┌─ Data for analysis

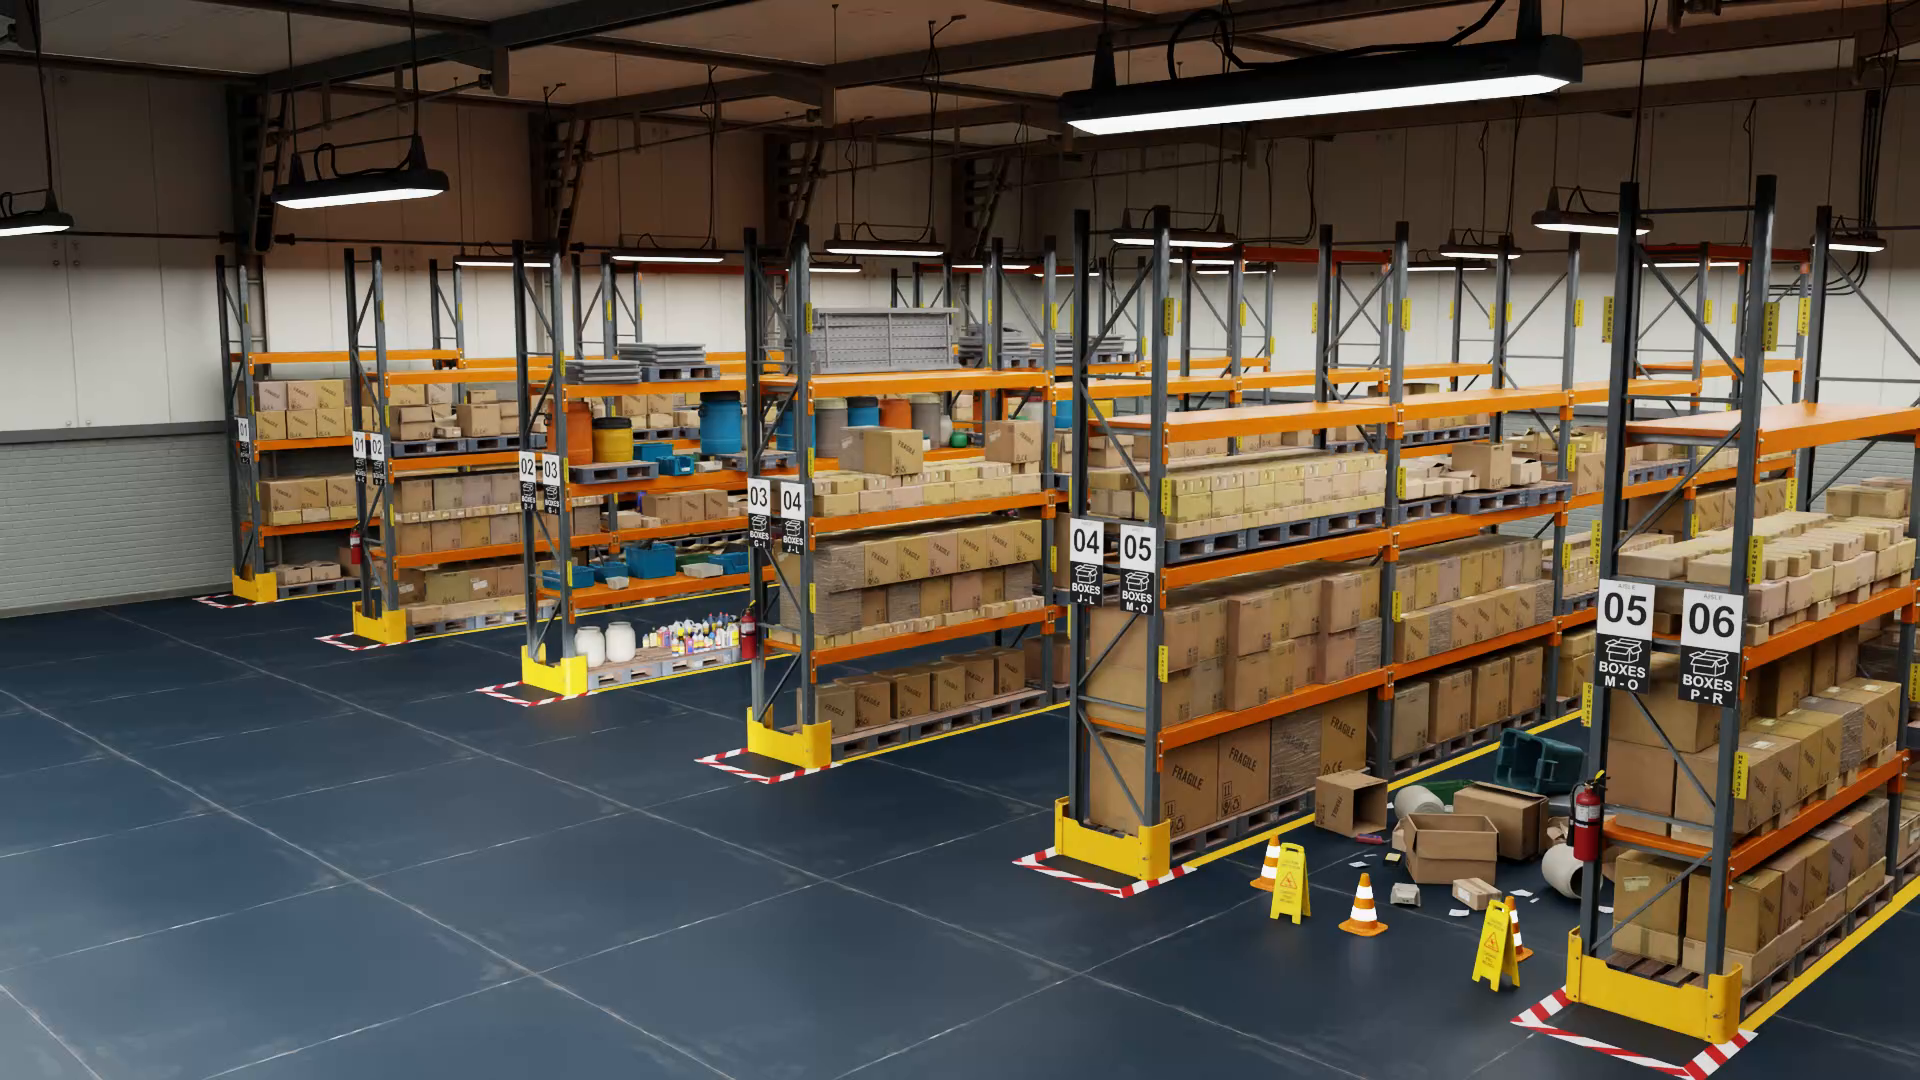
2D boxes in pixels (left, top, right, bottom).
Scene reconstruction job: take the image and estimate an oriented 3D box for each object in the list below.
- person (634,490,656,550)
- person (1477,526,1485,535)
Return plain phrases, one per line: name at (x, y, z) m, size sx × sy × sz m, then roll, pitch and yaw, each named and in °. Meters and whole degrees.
person at (-6.380, -0.384, 33.393) m, size 0.443 × 1.645 × 0.499 m, roll -4°, pitch 9°, yaw -26°
person at (8.547, 0.520, 27.040) m, size 0.448 × 1.620 × 1.033 m, roll 7°, pitch 11°, yaw 42°
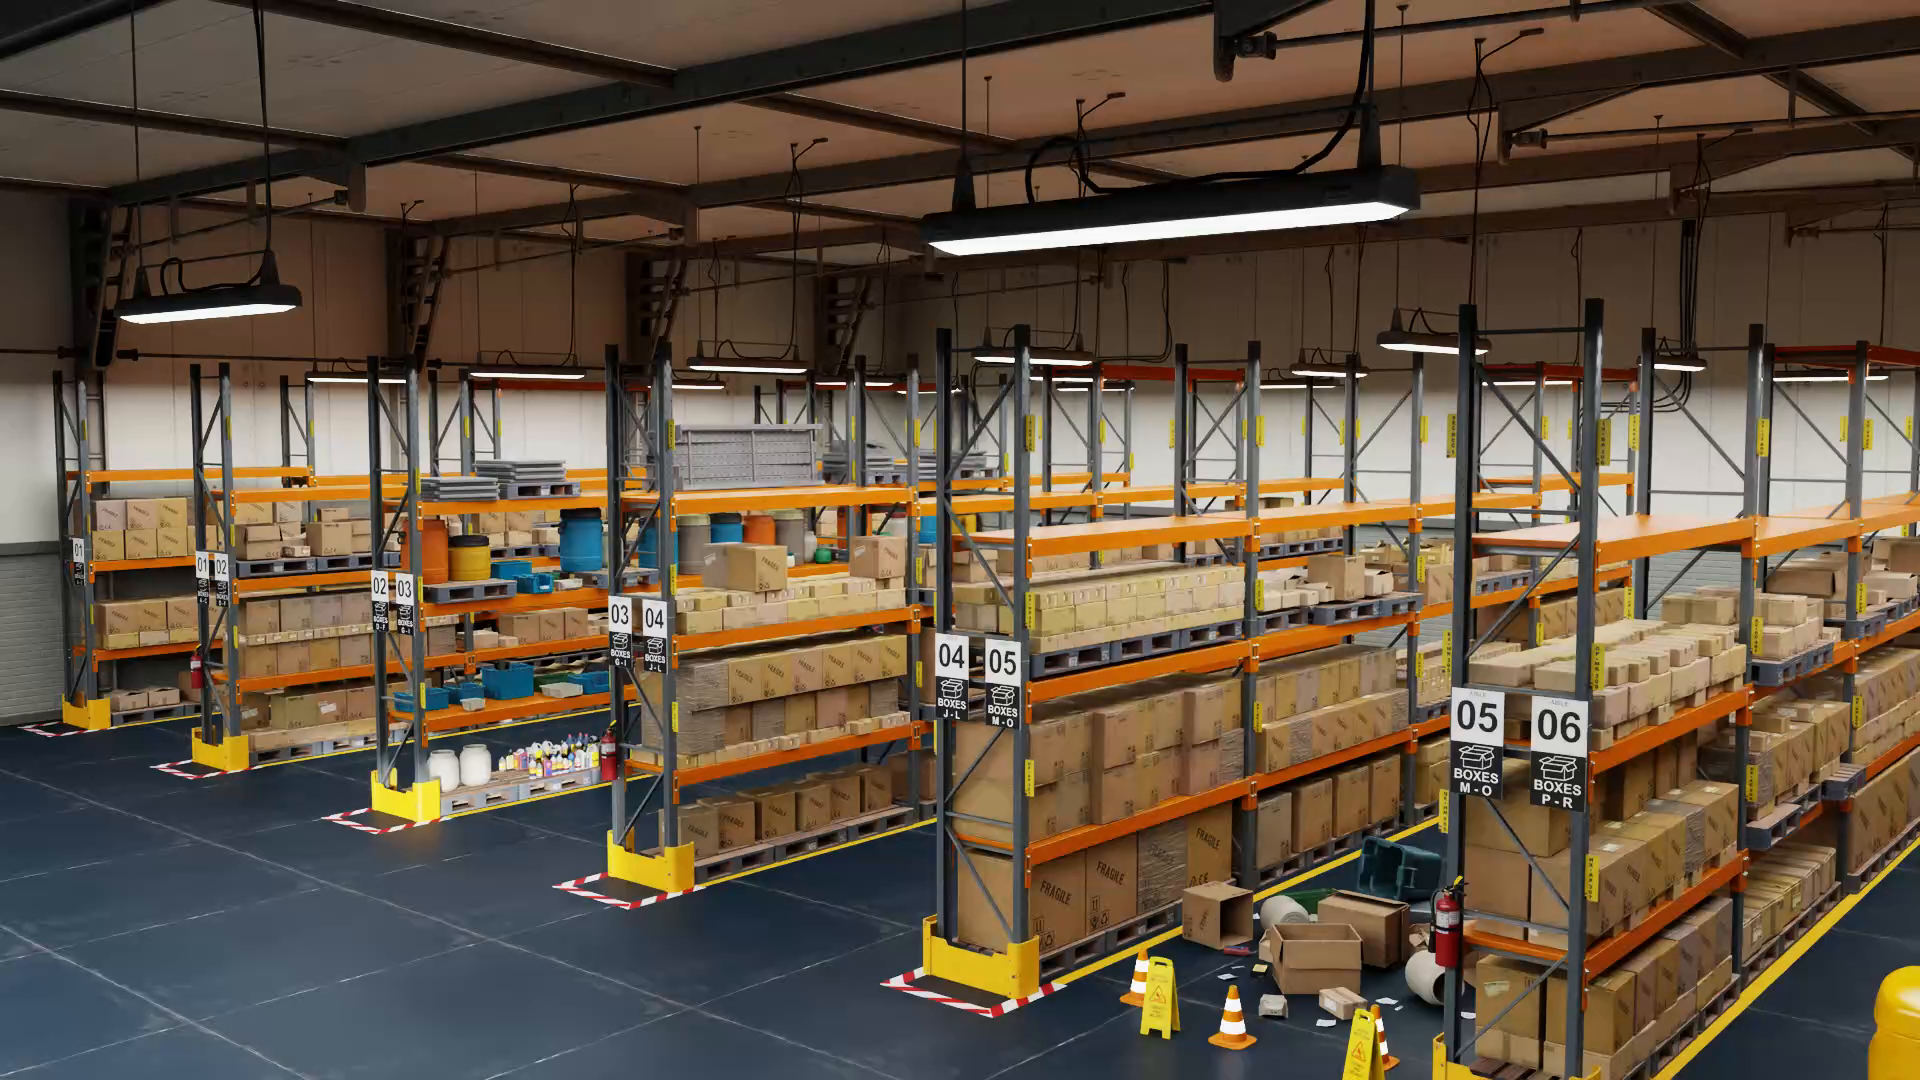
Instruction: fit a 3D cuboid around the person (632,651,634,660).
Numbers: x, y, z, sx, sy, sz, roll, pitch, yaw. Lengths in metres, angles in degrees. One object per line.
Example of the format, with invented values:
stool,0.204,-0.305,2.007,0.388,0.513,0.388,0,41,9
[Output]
person,-6.840,1.943,33.788,0.643,1.625,0.649,3,5,33
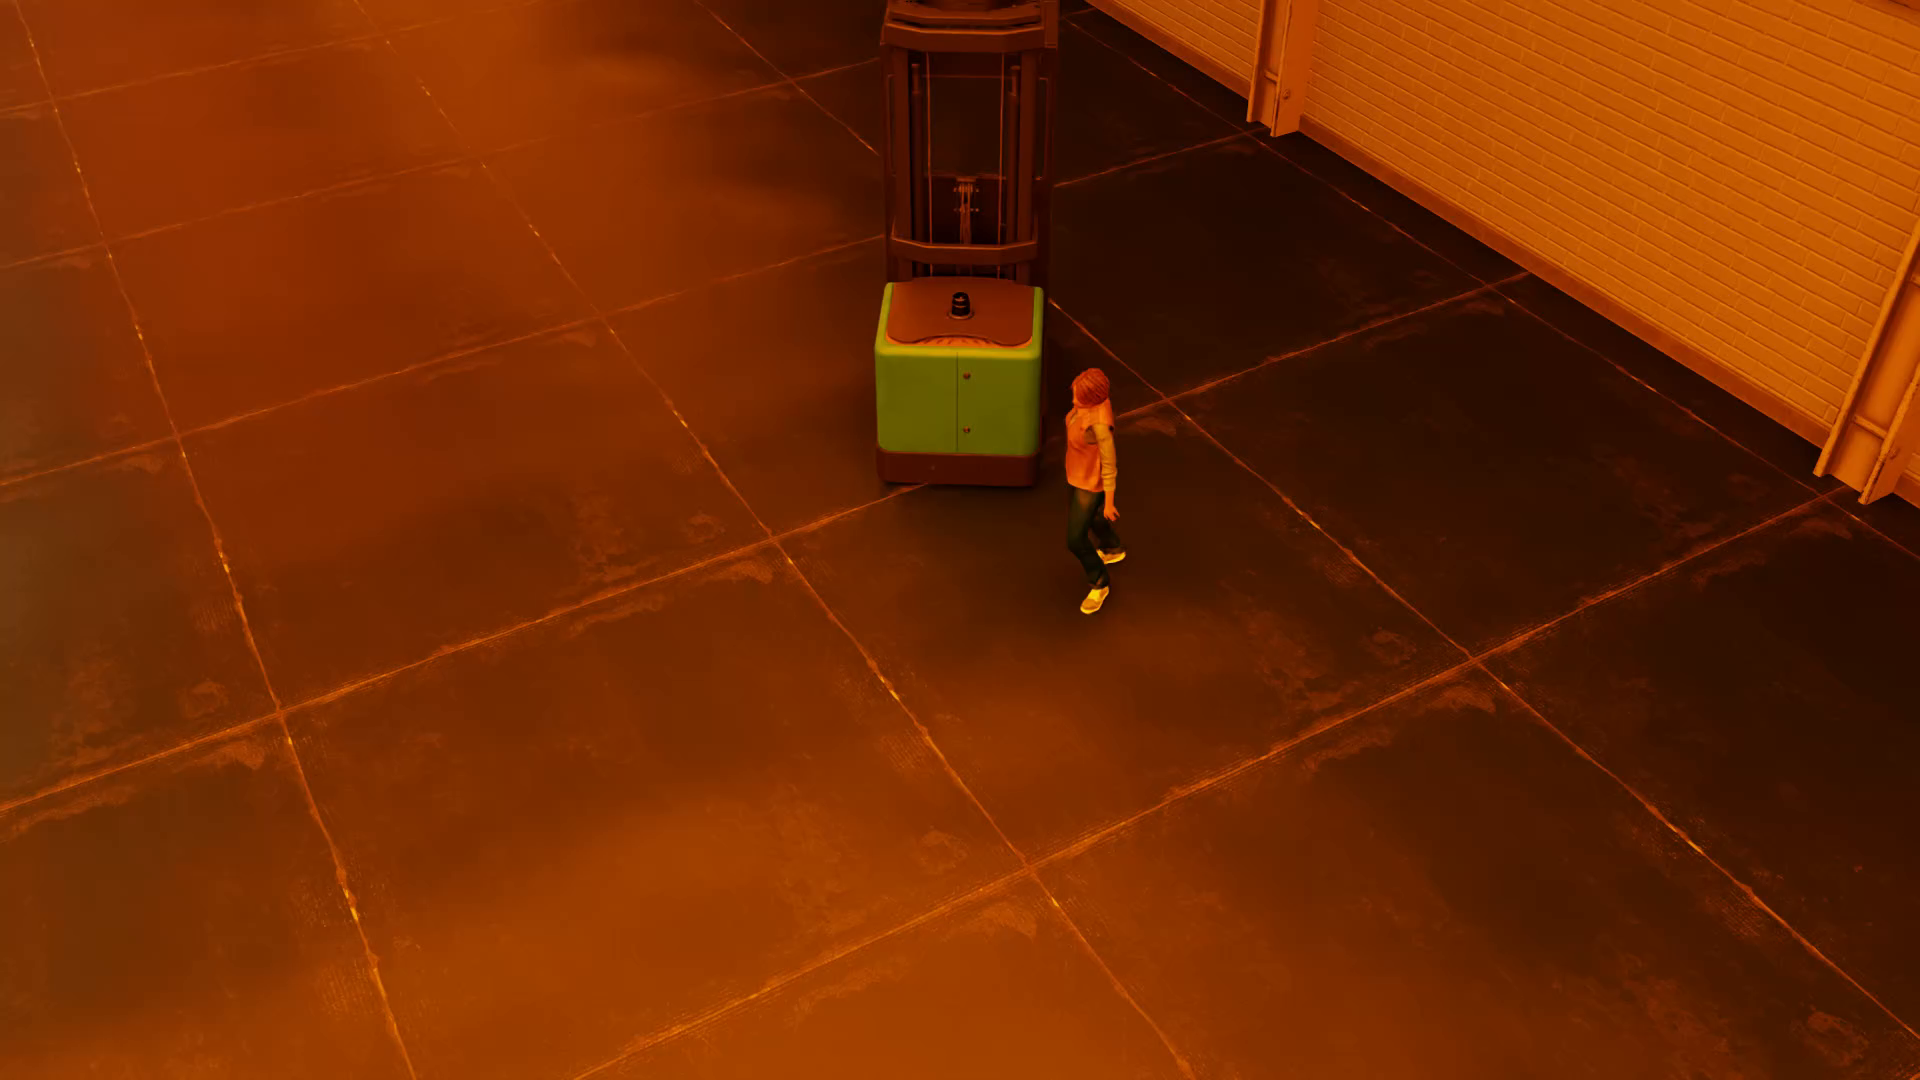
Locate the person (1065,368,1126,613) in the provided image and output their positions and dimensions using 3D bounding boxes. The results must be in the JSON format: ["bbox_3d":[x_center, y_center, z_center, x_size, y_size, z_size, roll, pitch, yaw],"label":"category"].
[{"bbox_3d":[0.805,-0.371,9.611,0.420,1.566,0.745,-2,40,-2],"label":"person"}]

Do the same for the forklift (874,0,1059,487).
[{"bbox_3d":[0.065,-2.391,10.919,1.130,2.935,3.031,2,40,2],"label":"forklift"}]
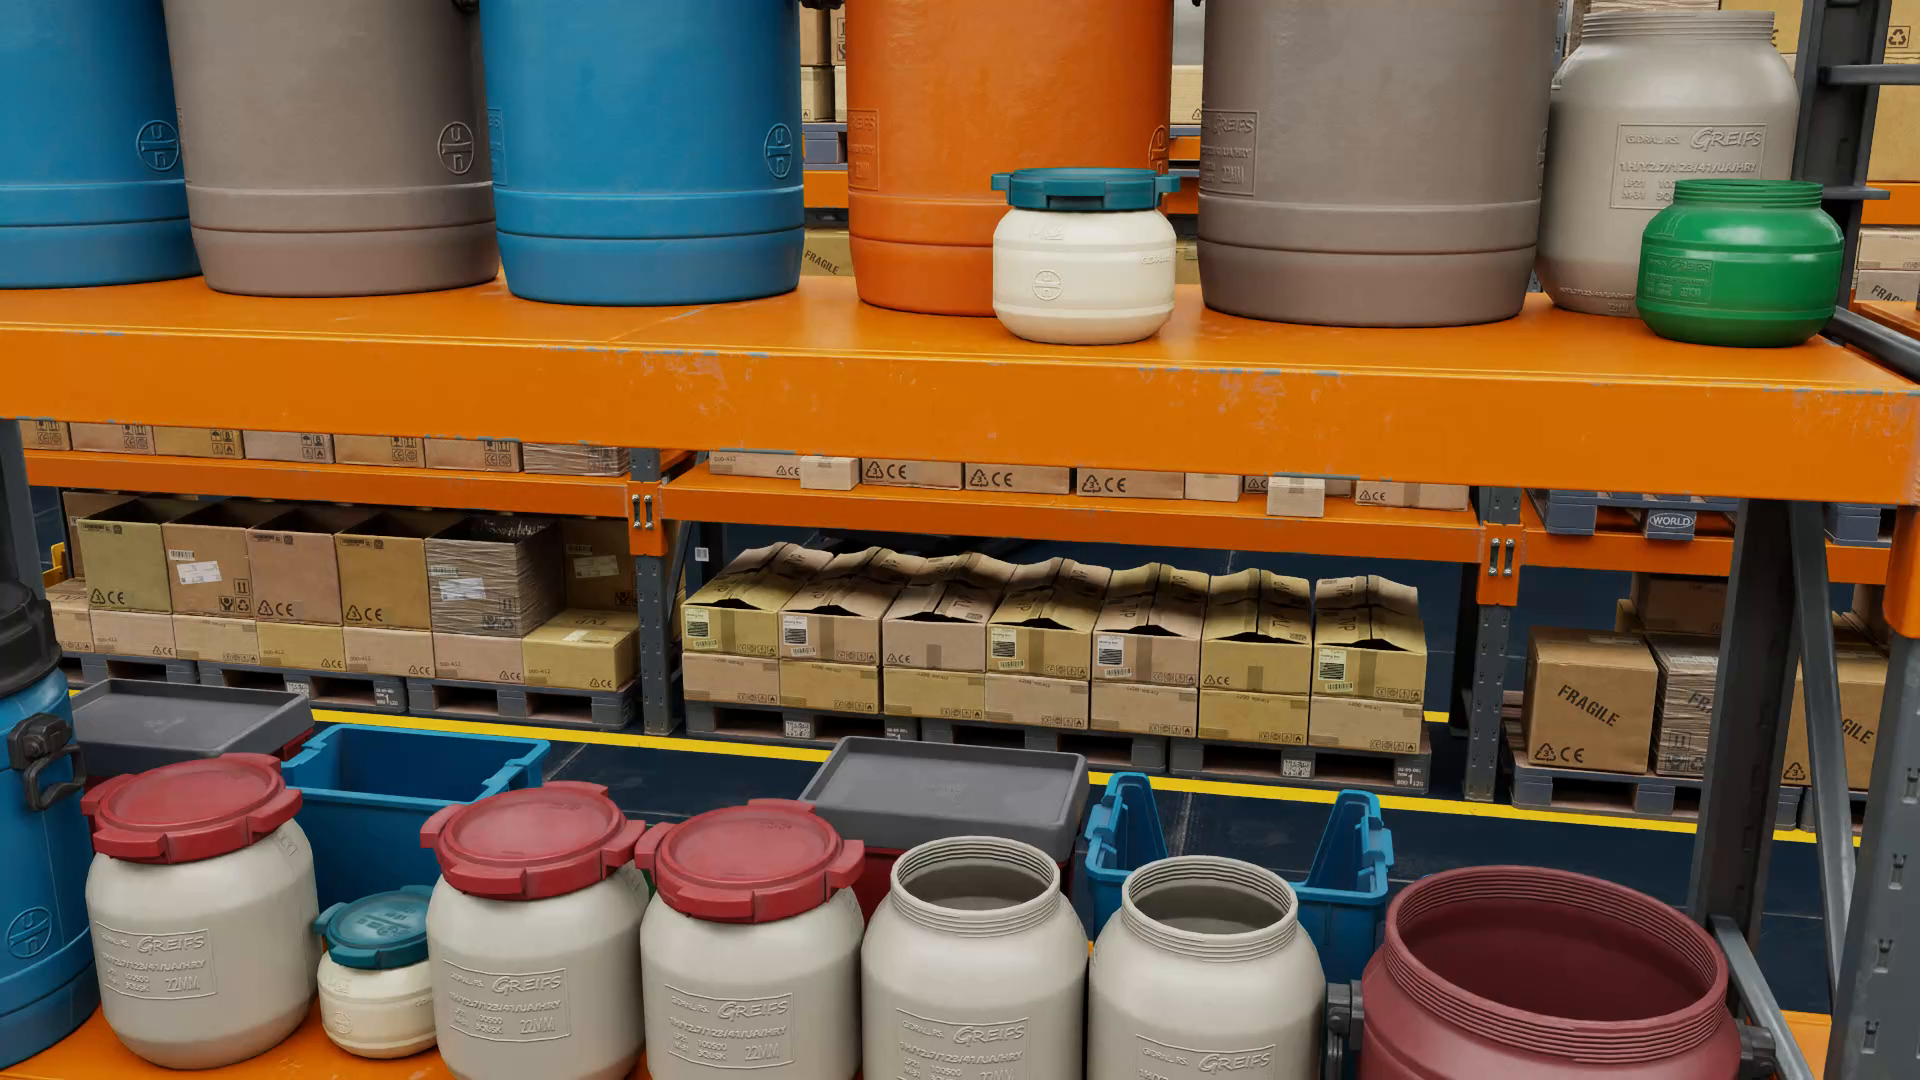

└─

Pictures stay out, and every line of the records is transcribed exactly.

2D boxes in pixels (left, top, right, bottom).
Scene reconstruction job: take the image and estimate an oriented 3D box for each object in the list below.
- person (634,490,656,550)
- person (1477,526,1485,535)
Return plain phrases, one per line: name at (x, y, z) m, size sx × sy × sz m, then roll, pitch and yaw, each named and in °. Meters and whole degrees.
person at (-6.380, -0.384, 33.393) m, size 0.443 × 1.645 × 0.499 m, roll -4°, pitch 9°, yaw -26°
person at (8.547, 0.520, 27.040) m, size 0.448 × 1.620 × 1.033 m, roll 7°, pitch 11°, yaw 42°
Instruction: fit a 3D cuboid around the person (632,651,634,660).
Numbers: x, y, z, sx, sy, sz, roll, pitch, yaw. Lengths in metres, angles in degrees. One object per line.
Example of the format, with invented values:
stool,0.204,-0.305,2.007,0.388,0.513,0.388,0,41,9
[Output]
person,-6.840,1.943,33.788,0.643,1.625,0.649,3,5,33
Locate the person (1065,368,1126,613) in the provided image and output their positions and dimensions using 3D bounding boxes. The results must be in the JSON format: ["bbox_3d":[x_center, y_center, z_center, x_size, y_size, z_size, roll, pitch, yaw],"label":"category"].
[{"bbox_3d":[0.805,-0.371,9.611,0.420,1.566,0.745,-2,40,-2],"label":"person"}]

Do the same for the forklift (874,0,1059,487).
[{"bbox_3d":[0.065,-2.391,10.919,1.130,2.935,3.031,2,40,2],"label":"forklift"}]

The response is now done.